-- Exercise details --
Transcribe exactly the lines from the one containing "This screenshot has" through the end of the data, both included. Leave out pictures.

-- Exercise materials --
——
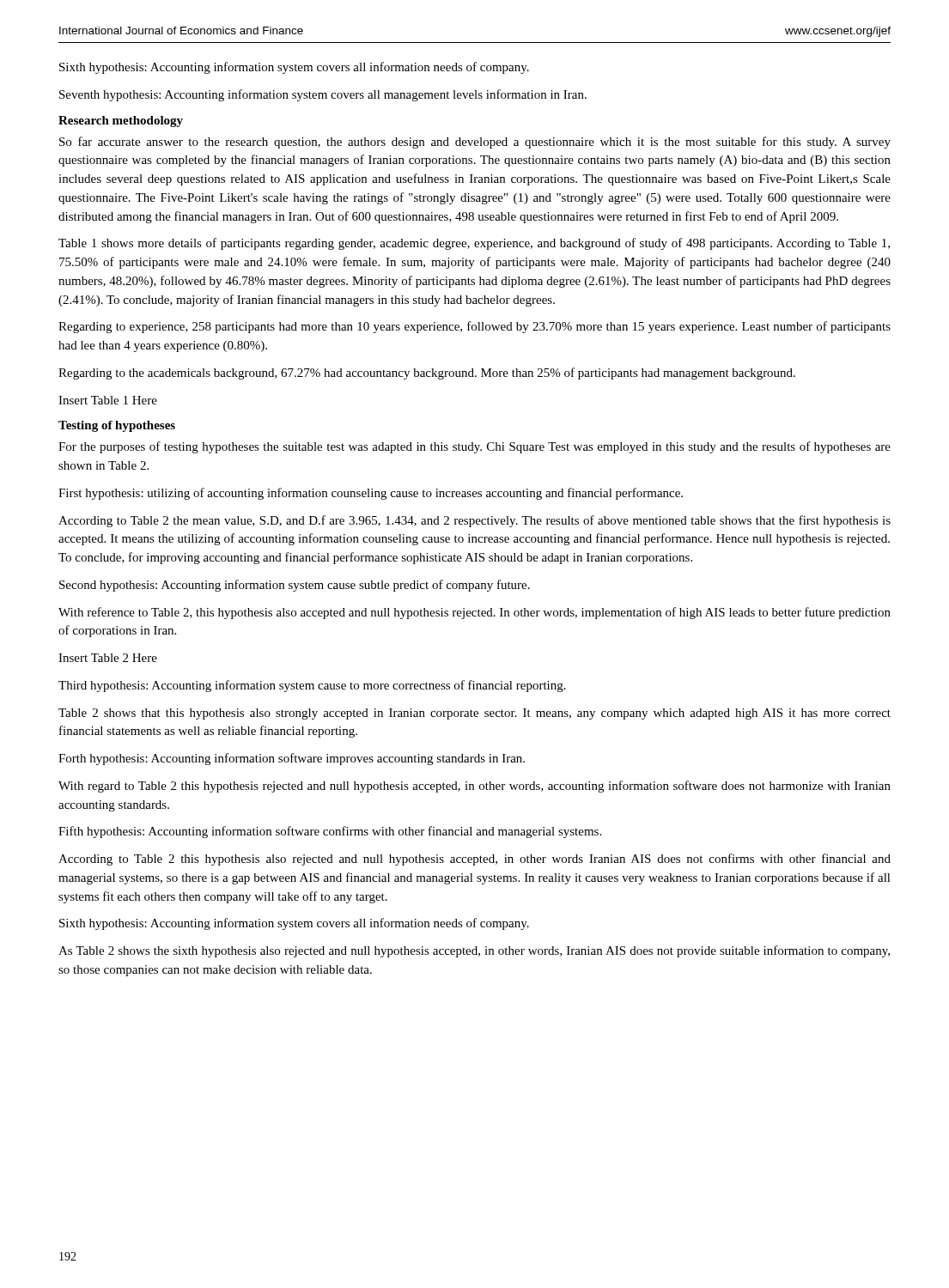Navigate to the block starting "According to Table 2 the mean value,"
Image resolution: width=949 pixels, height=1288 pixels.
coord(474,539)
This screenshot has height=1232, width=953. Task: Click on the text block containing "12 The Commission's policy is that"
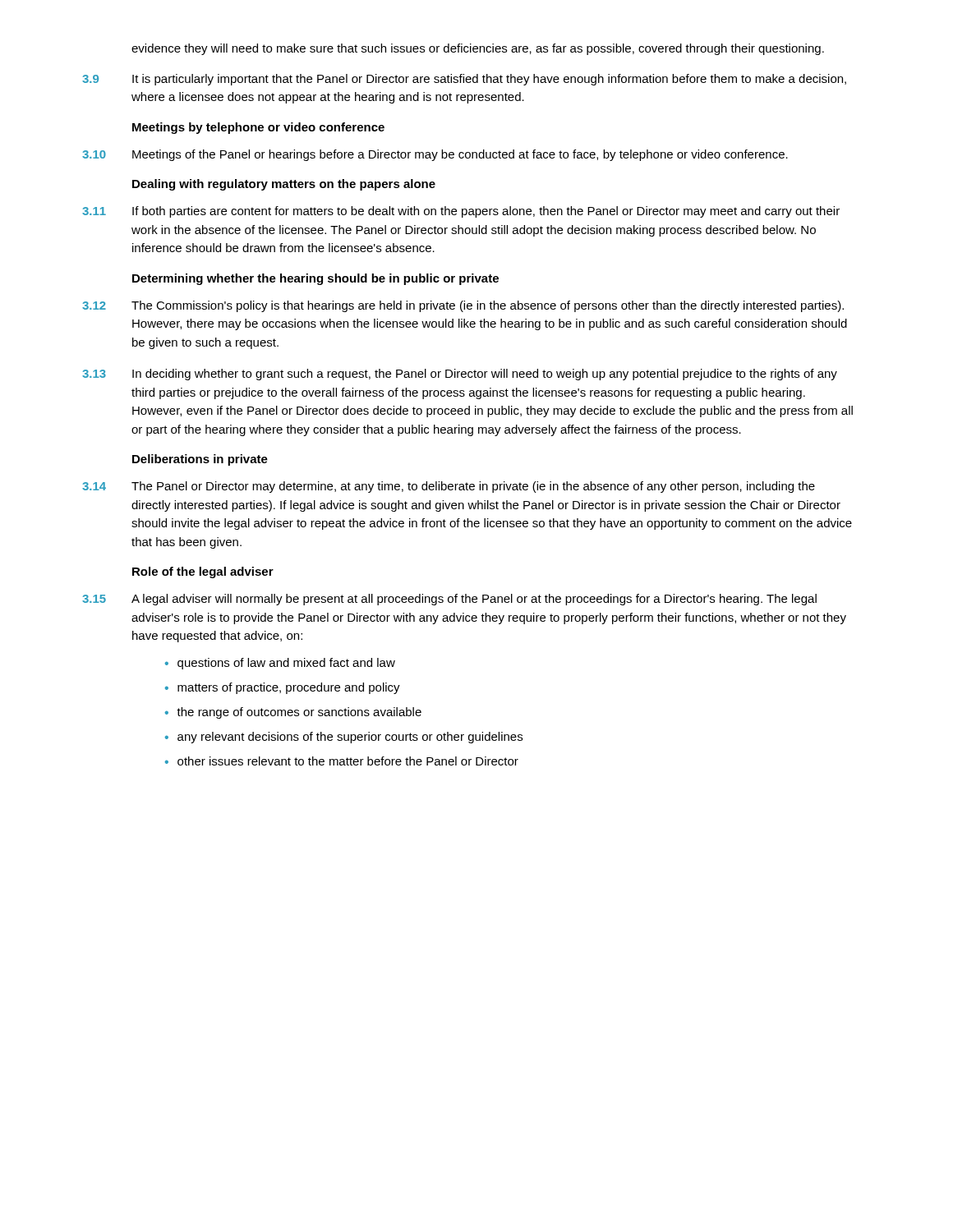pyautogui.click(x=468, y=324)
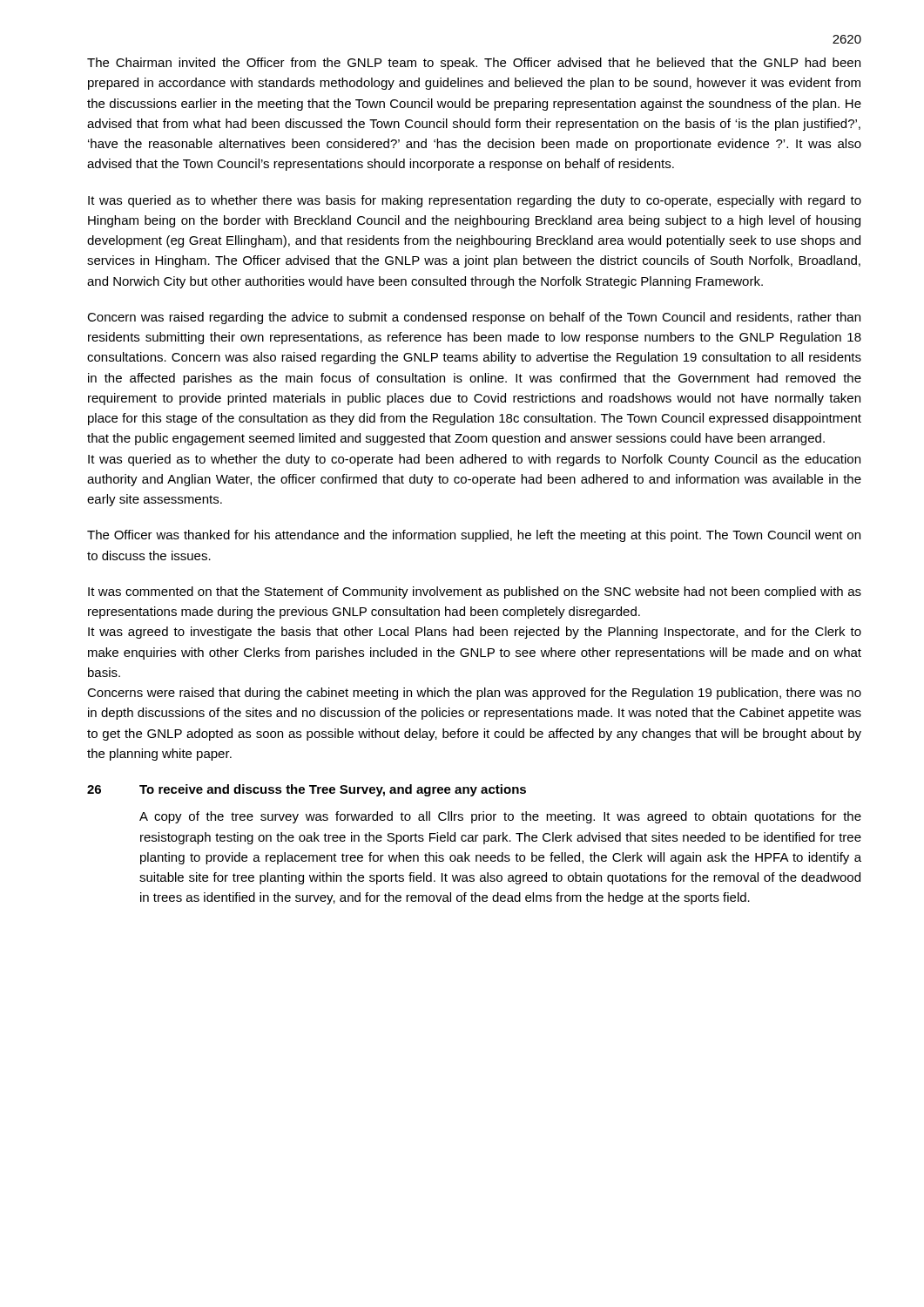
Task: Find the block on this page that starts "A copy of the tree survey"
Action: [x=500, y=857]
——
-- Written solution --
This screenshot has height=1232, width=953. Task: Click on the text block containing "12 The Commission's policy is that"
pyautogui.click(x=468, y=324)
Task: Find the block on this page that starts "A copy of the tree survey"
Action: [x=500, y=857]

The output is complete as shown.